◆ **WHAT TO DO**: Would you restate all of the entries verbatim, minus any images?

◆ **ENTRIES SUPPLIED**:
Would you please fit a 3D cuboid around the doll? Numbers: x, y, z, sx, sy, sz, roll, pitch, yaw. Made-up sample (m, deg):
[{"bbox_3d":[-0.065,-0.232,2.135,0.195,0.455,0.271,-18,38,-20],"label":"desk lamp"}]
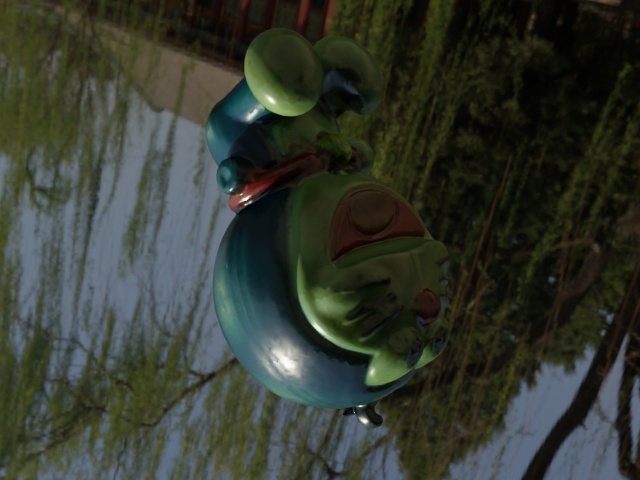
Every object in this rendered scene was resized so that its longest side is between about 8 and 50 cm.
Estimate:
[{"bbox_3d":[-0.001,0.000,0.654,0.186,0.322,0.198,-22,168,41],"label":"doll"}]
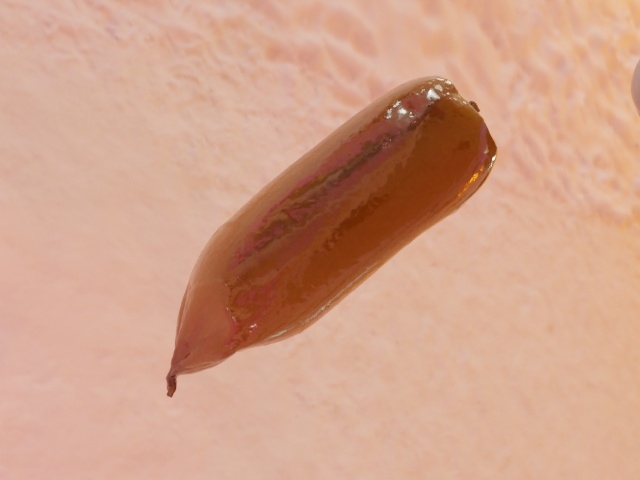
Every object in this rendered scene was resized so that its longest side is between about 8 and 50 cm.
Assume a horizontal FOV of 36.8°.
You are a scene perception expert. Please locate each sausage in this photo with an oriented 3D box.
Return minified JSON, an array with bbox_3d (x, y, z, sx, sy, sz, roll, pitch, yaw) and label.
[{"bbox_3d":[-0.004,-0.003,0.749,0.328,0.112,0.112,-39,116,-9],"label":"sausage"}]

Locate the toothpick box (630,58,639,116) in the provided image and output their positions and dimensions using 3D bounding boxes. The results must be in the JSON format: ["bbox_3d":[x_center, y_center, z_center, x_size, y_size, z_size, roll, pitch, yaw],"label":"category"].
[{"bbox_3d":[0.447,-0.059,0.891,0.316,0.229,0.229,56,36,-26],"label":"toothpick box"}]
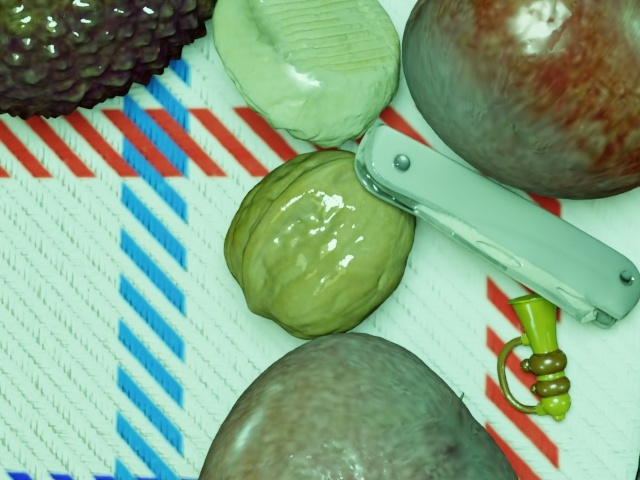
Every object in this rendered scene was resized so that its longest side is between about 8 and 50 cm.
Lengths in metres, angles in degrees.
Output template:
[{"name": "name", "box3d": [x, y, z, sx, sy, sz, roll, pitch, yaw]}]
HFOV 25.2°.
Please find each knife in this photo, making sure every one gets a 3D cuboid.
[{"name": "knife", "box3d": [0.144, -0.008, 1.160, 0.265, 0.040, 0.073, 31, 58, -12]}]

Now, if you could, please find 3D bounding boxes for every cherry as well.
[{"name": "cherry", "box3d": [0.024, 0.213, 1.119, 0.261, 0.307, 0.221, 51, 139, 5]}, {"name": "cherry", "box3d": [0.179, -0.128, 1.124, 0.206, 0.239, 0.239, -27, 81, -14]}]

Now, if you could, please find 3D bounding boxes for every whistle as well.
[{"name": "whistle", "box3d": [0.179, 0.099, 1.205, 0.057, 0.046, 0.109, -6, 92, -3]}]

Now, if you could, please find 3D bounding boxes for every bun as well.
[{"name": "bun", "box3d": [-0.016, -0.158, 1.206, 0.188, 0.164, 0.111, 53, 133, 16]}]

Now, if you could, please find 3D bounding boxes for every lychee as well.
[{"name": "lychee", "box3d": [-0.212, -0.229, 1.210, 0.271, 0.271, 0.271, -1, 87, 12]}]

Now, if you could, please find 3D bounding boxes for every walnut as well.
[{"name": "walnut", "box3d": [0.000, 0.000, 1.196, 0.166, 0.149, 0.166, -10, 58, 18]}]

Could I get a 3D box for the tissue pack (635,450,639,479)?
[{"name": "tissue pack", "box3d": [0.372, 0.215, 1.122, 0.259, 0.122, 0.361, 8, 87, 10]}]
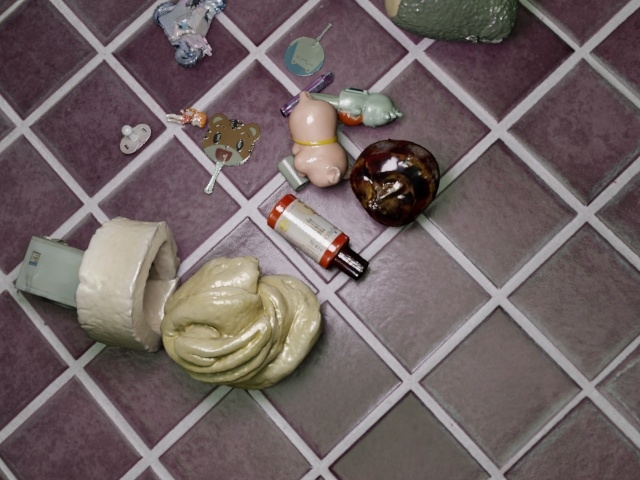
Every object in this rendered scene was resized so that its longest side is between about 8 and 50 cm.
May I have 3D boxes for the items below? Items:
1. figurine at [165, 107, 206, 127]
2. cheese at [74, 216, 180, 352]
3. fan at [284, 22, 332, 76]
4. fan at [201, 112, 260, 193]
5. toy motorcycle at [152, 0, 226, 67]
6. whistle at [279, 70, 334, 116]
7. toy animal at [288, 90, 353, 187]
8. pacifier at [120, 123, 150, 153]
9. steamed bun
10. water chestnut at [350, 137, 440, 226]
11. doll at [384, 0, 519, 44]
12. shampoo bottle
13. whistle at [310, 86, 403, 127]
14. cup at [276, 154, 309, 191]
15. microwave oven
[{"bbox_3d":[-0.363,-0.332,1.991,0.109,0.064,0.047,3,59,-3],"label":"figurine"},{"bbox_3d":[-0.456,0.114,1.804,0.153,0.332,0.293,9,55,7],"label":"cheese"},{"bbox_3d":[-0.025,-0.527,2.014,0.113,0.005,0.175,38,87,11],"label":"fan"},{"bbox_3d":[-0.262,-0.229,1.986,0.152,0.008,0.227,19,82,8],"label":"fan"},{"bbox_3d":[-0.339,-0.597,2.006,0.204,0.108,0.239,-31,79,0],"label":"toy motorcycle"},{"bbox_3d":[-0.036,-0.395,1.979,0.176,0.033,0.033,-38,79,-1],"label":"whistle"},{"bbox_3d":[-0.009,-0.257,1.872,0.149,0.165,0.248,-17,97,29],"label":"toy animal"},{"bbox_3d":[-0.512,-0.286,1.988,0.099,0.078,0.081,-45,58,-2],"label":"pacifier"},{"bbox_3d":[-0.190,0.202,1.769,0.372,0.230,0.325,26,82,-9],"label":"steamed bun"},{"bbox_3d":[0.184,-0.138,1.820,0.223,0.238,0.224,10,124,16],"label":"water chestnut"},{"bbox_3d":[0.340,-0.630,1.890,0.349,0.247,0.248,17,82,-1],"label":"doll"},{"bbox_3d":[0.000,0.000,1.872,0.278,0.104,0.104,37,86,10],"label":"shampoo bottle"},{"bbox_3d":[0.090,-0.350,1.924,0.253,0.102,0.106,12,85,5],"label":"whistle"},{"bbox_3d":[-0.065,-0.179,1.943,0.083,0.074,0.054,55,131,8],"label":"cup"},{"bbox_3d":[-0.654,0.090,1.910,0.204,0.129,0.163,17,85,9],"label":"microwave oven"}]
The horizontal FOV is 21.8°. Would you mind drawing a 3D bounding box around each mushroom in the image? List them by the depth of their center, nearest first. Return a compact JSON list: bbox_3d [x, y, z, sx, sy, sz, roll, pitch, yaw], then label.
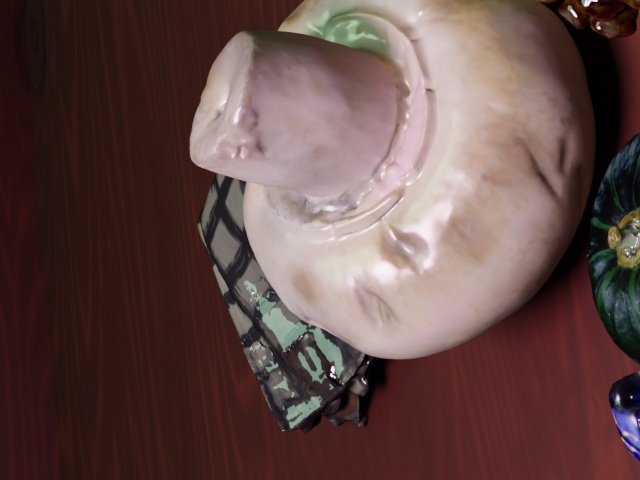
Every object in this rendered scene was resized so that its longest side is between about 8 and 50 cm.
[{"bbox_3d":[0.052,-0.086,1.471,0.325,0.353,0.353,-95,18,-64],"label":"mushroom"}]

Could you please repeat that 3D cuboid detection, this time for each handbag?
[{"bbox_3d":[0.000,0.000,1.786,0.327,0.162,0.325,66,149,29],"label":"handbag"}]

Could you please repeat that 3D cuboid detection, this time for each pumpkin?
[{"bbox_3d":[0.272,0.002,1.209,0.202,0.140,0.202,-21,66,62],"label":"pumpkin"}]

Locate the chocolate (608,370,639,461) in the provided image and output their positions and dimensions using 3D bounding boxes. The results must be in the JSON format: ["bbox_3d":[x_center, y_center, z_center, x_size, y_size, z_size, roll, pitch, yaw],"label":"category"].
[{"bbox_3d":[0.261,0.255,1.150,0.148,0.126,0.343,-4,80,30],"label":"chocolate"}]

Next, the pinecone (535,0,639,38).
[{"bbox_3d":[0.238,-0.262,1.241,0.229,0.201,0.202,-1,62,32],"label":"pinecone"}]
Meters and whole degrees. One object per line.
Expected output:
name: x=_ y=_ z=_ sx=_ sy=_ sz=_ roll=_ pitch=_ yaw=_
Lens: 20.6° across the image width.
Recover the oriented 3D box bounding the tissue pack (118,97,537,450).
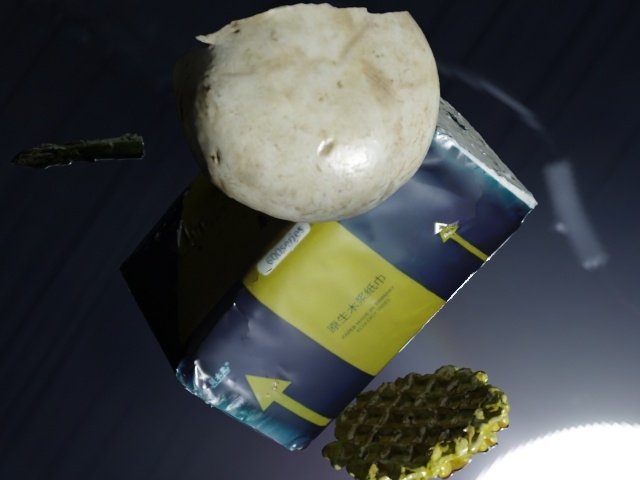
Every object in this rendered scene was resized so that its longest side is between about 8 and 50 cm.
tissue pack: x=0.000 y=0.000 z=2.028 sx=0.253 sy=0.416 sz=0.264 roll=33 pitch=-165 yaw=-37

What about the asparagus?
asparagus: x=-0.299 y=-0.108 z=2.161 sx=0.165 sy=0.030 sz=0.036 roll=-7 pitch=158 yaw=0

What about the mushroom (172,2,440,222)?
mushroom: x=-0.008 y=-0.104 z=1.662 sx=0.253 sy=0.189 sz=0.195 roll=-7 pitch=162 yaw=-15

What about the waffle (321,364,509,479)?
waffle: x=0.118 y=0.237 z=2.266 sx=0.238 sy=0.243 sz=0.059 roll=-121 pitch=8 yaw=-64

◆ **RESPONSE BOX**:
Would you please fit a 3D cuboid around the doll? Numbers: x, y, z, sx, sy, sz, roll, pitch, yaw. Made-up sample (m, deg):
[{"bbox_3d":[-0.065,-0.232,2.135,0.195,0.455,0.271,-18,38,-20],"label":"desk lamp"}]
Every object in this rendered scene was resized so that its longest side is between about 8 and 50 cm.
Estimate:
[{"bbox_3d":[-0.001,0.000,0.654,0.186,0.322,0.198,-22,168,41],"label":"doll"}]
Every object in this rendered scene was resized so that its longest side is between about 8 and 50 cm.
Assume a horizontal FOV of 36.8°.
You are a scene perception expert. Please locate each sausage in this photo with an oriented 3D box.
Return minified JSON, an array with bbox_3d (x, y, z, sx, sy, sz, roll, pitch, yaw) and label.
[{"bbox_3d":[-0.004,-0.003,0.749,0.328,0.112,0.112,-39,116,-9],"label":"sausage"}]

Locate the toothpick box (630,58,639,116) in the provided image and output their positions and dimensions using 3D bounding boxes. The results must be in the JSON format: ["bbox_3d":[x_center, y_center, z_center, x_size, y_size, z_size, roll, pitch, yaw],"label":"category"].
[{"bbox_3d":[0.447,-0.059,0.891,0.316,0.229,0.229,56,36,-26],"label":"toothpick box"}]
Every object in this rendered scene was resized so that its longest side is between about 8 and 50 cm.
Lengths in metres, angles in degrees.
Output template:
[{"name": "name", "box3d": [x, y, z, sx, sy, sz, roll, pitch, yaw]}]
HFOV 25.2°.
Please find each knife in this photo, making sure every one gets a 3D cuboid.
[{"name": "knife", "box3d": [0.144, -0.008, 1.160, 0.265, 0.040, 0.073, 31, 58, -12]}]

Now, if you could, please find 3D bounding boxes for every cherry as well.
[{"name": "cherry", "box3d": [0.024, 0.213, 1.119, 0.261, 0.307, 0.221, 51, 139, 5]}, {"name": "cherry", "box3d": [0.179, -0.128, 1.124, 0.206, 0.239, 0.239, -27, 81, -14]}]

Now, if you could, please find 3D bounding boxes for every whistle as well.
[{"name": "whistle", "box3d": [0.179, 0.099, 1.205, 0.057, 0.046, 0.109, -6, 92, -3]}]

Now, if you could, please find 3D bounding boxes for every bun as well.
[{"name": "bun", "box3d": [-0.016, -0.158, 1.206, 0.188, 0.164, 0.111, 53, 133, 16]}]

Now, if you could, please find 3D bounding boxes for every lychee as well.
[{"name": "lychee", "box3d": [-0.212, -0.229, 1.210, 0.271, 0.271, 0.271, -1, 87, 12]}]

Now, if you could, please find 3D bounding boxes for every walnut as well.
[{"name": "walnut", "box3d": [0.000, 0.000, 1.196, 0.166, 0.149, 0.166, -10, 58, 18]}]

Could I get a 3D box for the tissue pack (635,450,639,479)?
[{"name": "tissue pack", "box3d": [0.372, 0.215, 1.122, 0.259, 0.122, 0.361, 8, 87, 10]}]
Every object in this rendered scene was resized so that its longest side is between about 8 and 50 cm.
May I have 3D boxes for the items below? Items:
1. figurine at [165, 107, 206, 127]
2. cheese at [74, 216, 180, 352]
3. fan at [284, 22, 332, 76]
4. fan at [201, 112, 260, 193]
5. toy motorcycle at [152, 0, 226, 67]
6. whistle at [279, 70, 334, 116]
7. toy animal at [288, 90, 353, 187]
8. pacifier at [120, 123, 150, 153]
9. steamed bun
10. water chestnut at [350, 137, 440, 226]
11. doll at [384, 0, 519, 44]
12. shampoo bottle
13. whistle at [310, 86, 403, 127]
14. cup at [276, 154, 309, 191]
15. microwave oven
[{"bbox_3d":[-0.363,-0.332,1.991,0.109,0.064,0.047,3,59,-3],"label":"figurine"},{"bbox_3d":[-0.456,0.114,1.804,0.153,0.332,0.293,9,55,7],"label":"cheese"},{"bbox_3d":[-0.025,-0.527,2.014,0.113,0.005,0.175,38,87,11],"label":"fan"},{"bbox_3d":[-0.262,-0.229,1.986,0.152,0.008,0.227,19,82,8],"label":"fan"},{"bbox_3d":[-0.339,-0.597,2.006,0.204,0.108,0.239,-31,79,0],"label":"toy motorcycle"},{"bbox_3d":[-0.036,-0.395,1.979,0.176,0.033,0.033,-38,79,-1],"label":"whistle"},{"bbox_3d":[-0.009,-0.257,1.872,0.149,0.165,0.248,-17,97,29],"label":"toy animal"},{"bbox_3d":[-0.512,-0.286,1.988,0.099,0.078,0.081,-45,58,-2],"label":"pacifier"},{"bbox_3d":[-0.190,0.202,1.769,0.372,0.230,0.325,26,82,-9],"label":"steamed bun"},{"bbox_3d":[0.184,-0.138,1.820,0.223,0.238,0.224,10,124,16],"label":"water chestnut"},{"bbox_3d":[0.340,-0.630,1.890,0.349,0.247,0.248,17,82,-1],"label":"doll"},{"bbox_3d":[0.000,0.000,1.872,0.278,0.104,0.104,37,86,10],"label":"shampoo bottle"},{"bbox_3d":[0.090,-0.350,1.924,0.253,0.102,0.106,12,85,5],"label":"whistle"},{"bbox_3d":[-0.065,-0.179,1.943,0.083,0.074,0.054,55,131,8],"label":"cup"},{"bbox_3d":[-0.654,0.090,1.910,0.204,0.129,0.163,17,85,9],"label":"microwave oven"}]
The horizontal FOV is 21.8°. Would you mind drawing a 3D bounding box around each mushroom in the image? List them by the depth of their center, nearest first. Return a compact JSON list: bbox_3d [x, y, z, sx, sy, sz, roll, pitch, yaw], then label.
Every object in this rendered scene was resized so that its longest side is between about 8 and 50 cm.
[{"bbox_3d":[0.052,-0.086,1.471,0.325,0.353,0.353,-95,18,-64],"label":"mushroom"}]

Could you please repeat that 3D cuboid detection, this time for each handbag?
[{"bbox_3d":[0.000,0.000,1.786,0.327,0.162,0.325,66,149,29],"label":"handbag"}]

Could you please repeat that 3D cuboid detection, this time for each pumpkin?
[{"bbox_3d":[0.272,0.002,1.209,0.202,0.140,0.202,-21,66,62],"label":"pumpkin"}]

Locate the chocolate (608,370,639,461) in the provided image and output their positions and dimensions using 3D bounding boxes. The results must be in the JSON format: ["bbox_3d":[x_center, y_center, z_center, x_size, y_size, z_size, roll, pitch, yaw],"label":"category"].
[{"bbox_3d":[0.261,0.255,1.150,0.148,0.126,0.343,-4,80,30],"label":"chocolate"}]

Next, the pinecone (535,0,639,38).
[{"bbox_3d":[0.238,-0.262,1.241,0.229,0.201,0.202,-1,62,32],"label":"pinecone"}]
Meters and whole degrees. One object per line.
Expected output:
name: x=_ y=_ z=_ sx=_ sy=_ sz=_ roll=_ pitch=_ yaw=_
Lens: 20.6° across the image width.
Recover the oriented 3D box bounding the tissue pack (118,97,537,450).
Every object in this rendered scene was resized so that its longest side is between about 8 and 50 cm.
tissue pack: x=0.000 y=0.000 z=2.028 sx=0.253 sy=0.416 sz=0.264 roll=33 pitch=-165 yaw=-37

What about the asparagus?
asparagus: x=-0.299 y=-0.108 z=2.161 sx=0.165 sy=0.030 sz=0.036 roll=-7 pitch=158 yaw=0

What about the mushroom (172,2,440,222)?
mushroom: x=-0.008 y=-0.104 z=1.662 sx=0.253 sy=0.189 sz=0.195 roll=-7 pitch=162 yaw=-15

What about the waffle (321,364,509,479)?
waffle: x=0.118 y=0.237 z=2.266 sx=0.238 sy=0.243 sz=0.059 roll=-121 pitch=8 yaw=-64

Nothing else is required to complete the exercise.